■ Supplied material ■

::::

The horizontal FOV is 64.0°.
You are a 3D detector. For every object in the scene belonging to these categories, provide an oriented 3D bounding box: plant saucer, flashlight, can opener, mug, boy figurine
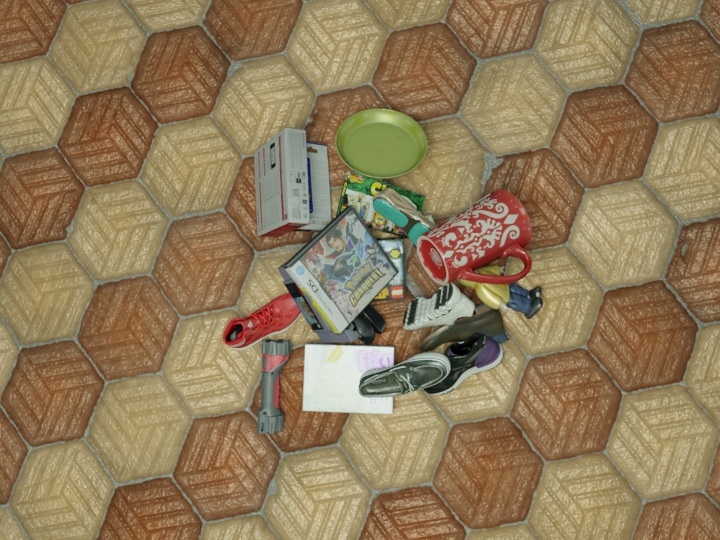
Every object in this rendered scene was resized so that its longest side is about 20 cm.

::::

■ What you should do ■
Reproduce the data above line for line, excluding every picture.

■ Problem solution ■
The horizontal FOV is 64.0°.
You are a 3D detector. For every object in the scene belonging to these categories, provide an oriented 3D bounding box: plant saucer, flashlight, can opener, mug, boy figurine
Every object in this rendered scene was resized so that its longest side is about 20 cm.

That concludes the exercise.